Shopping


2019 02 22  |  journal

I tend to have a fairly boring diet - partly because I hate cooking, but also partly because I'm severely visually impaired, so all I can get at the grocery store is what's right in front of my face.

If it's too far up, I can't see it. If it's too far down, I can't see it. I have to pick up every single package to read it, so I know what it is. Produce and meats are a little easier, because each meat is a particular colour. I still have to pick up the package to see what cut of meat it is, for example, but chicken is a particular colour, and beef the same, and so on. Granny Smith apples are a particular green that stands out, which makes life simple.
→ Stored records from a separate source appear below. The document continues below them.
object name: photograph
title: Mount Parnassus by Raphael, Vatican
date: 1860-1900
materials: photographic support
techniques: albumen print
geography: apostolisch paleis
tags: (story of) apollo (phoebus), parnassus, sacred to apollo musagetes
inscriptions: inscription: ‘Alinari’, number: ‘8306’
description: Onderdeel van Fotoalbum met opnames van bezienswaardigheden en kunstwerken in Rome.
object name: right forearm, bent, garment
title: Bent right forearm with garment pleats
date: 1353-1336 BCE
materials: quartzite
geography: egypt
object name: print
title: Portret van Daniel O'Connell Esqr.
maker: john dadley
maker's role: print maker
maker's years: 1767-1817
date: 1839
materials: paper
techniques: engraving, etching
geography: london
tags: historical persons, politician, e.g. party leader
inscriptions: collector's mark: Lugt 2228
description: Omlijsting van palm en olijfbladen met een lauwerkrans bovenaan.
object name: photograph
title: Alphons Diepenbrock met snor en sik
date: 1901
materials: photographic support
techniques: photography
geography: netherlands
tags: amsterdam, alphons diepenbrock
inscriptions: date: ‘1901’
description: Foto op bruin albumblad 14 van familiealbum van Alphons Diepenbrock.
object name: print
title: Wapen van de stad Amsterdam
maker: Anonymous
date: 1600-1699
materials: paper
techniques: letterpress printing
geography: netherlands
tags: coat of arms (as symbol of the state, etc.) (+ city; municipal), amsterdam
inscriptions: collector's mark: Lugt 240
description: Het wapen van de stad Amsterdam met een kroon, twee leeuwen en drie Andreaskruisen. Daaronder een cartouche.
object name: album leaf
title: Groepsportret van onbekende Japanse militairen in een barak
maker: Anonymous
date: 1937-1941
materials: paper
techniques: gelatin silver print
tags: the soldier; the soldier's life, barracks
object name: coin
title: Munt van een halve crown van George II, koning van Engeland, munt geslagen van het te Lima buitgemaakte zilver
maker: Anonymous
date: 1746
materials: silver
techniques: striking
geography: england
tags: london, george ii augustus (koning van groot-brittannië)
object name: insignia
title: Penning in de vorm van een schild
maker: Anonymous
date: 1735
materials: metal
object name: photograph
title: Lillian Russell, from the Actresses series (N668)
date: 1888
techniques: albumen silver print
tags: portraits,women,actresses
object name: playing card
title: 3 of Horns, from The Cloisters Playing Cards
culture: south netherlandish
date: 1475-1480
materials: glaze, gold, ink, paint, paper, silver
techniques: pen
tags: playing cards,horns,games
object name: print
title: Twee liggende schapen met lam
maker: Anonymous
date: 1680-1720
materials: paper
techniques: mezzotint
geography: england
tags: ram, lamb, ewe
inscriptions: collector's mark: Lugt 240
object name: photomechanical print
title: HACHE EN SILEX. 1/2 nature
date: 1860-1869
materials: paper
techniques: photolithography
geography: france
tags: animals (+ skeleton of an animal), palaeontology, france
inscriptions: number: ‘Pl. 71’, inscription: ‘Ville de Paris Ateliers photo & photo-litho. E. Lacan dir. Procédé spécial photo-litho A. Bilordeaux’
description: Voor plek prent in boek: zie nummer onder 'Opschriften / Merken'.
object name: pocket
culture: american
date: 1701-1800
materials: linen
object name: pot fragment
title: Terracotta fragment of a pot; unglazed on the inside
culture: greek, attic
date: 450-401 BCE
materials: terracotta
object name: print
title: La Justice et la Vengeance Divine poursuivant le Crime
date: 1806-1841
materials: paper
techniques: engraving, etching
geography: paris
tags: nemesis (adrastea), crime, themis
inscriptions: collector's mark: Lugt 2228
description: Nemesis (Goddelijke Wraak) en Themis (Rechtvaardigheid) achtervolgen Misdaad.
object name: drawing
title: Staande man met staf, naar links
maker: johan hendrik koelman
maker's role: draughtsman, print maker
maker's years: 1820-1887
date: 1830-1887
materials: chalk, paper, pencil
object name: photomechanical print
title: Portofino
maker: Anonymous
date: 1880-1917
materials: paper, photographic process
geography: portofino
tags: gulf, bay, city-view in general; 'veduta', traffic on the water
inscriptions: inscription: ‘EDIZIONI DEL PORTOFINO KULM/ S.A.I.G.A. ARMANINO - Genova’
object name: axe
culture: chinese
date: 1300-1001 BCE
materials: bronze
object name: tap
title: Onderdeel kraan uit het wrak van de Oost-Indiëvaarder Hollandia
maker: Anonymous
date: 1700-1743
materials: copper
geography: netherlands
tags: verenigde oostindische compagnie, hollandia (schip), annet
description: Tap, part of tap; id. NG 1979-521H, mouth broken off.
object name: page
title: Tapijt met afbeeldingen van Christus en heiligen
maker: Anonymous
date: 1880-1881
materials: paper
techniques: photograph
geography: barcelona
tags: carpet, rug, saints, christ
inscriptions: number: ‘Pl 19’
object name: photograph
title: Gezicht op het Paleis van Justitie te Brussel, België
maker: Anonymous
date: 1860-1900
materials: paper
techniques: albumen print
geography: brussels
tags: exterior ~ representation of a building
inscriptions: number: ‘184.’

Unfortunately, peaches and nectarines bear an unfortunate resemblance to certain types of apple, so yeah, I've touched apples thinking they're peaches.

It's an enormously frustrating pain in the ass to have to pick up every single bloody thing so you can read it, so you know what it is. I have to do this at book stores, art supply stores, every store. I can't browse the same way others can. This is partly why I got very much into shopping alone rather than with friends, because it takes me forever to do what others do in a much shorter span of time than forever.

Now, I don't normally shill for the house when it comes to any business, but I've got to tell you, that grocery services like Grocery Gateway, and now Instacart, are a godsend to me. I can browse a website, and someone else does the picking and choosing. I can not be utterly frustrated by the entire shopping experience, and/or having to ask for help every time I need something. I can actually buy things that would normally be outside of my "reach", because someone else is doing the heavy-seeing part.

If, by the by, you think I don't have to ask for help when ordering food at a fast food mall joint that has no paper menu I can hold in my hand, because I can't read the overhead behind the counter menu, then you'd be wrong. Every. Damned. Time.

As a much younger person I used to be embarrassed and even more frustrated by things like this. I thought there was something wrong (in more of a way than just physically) with me. I tried to hide it or get around it as much as I could, and get angry with myself because I had to intrude on other people to do simple things. I had no ability to articulate my disability, my frustrations. It took me years, decades, to figure my way around that one. I thought, for a very long time as a younger person, that I wasn't supposed to tell people I needed help. I don't know why that is. It doesn't matter now, because I have no issue saying, "Sorry, severe visual impairment. Can't read your menu/package/whatever."

Ah yes. Packaging. The thing I have to take pictures of with my phone and zoom in so I can read them. Thank you, modern technology, for the invention of the cameraphone. You are a miracle deserving of sainthood.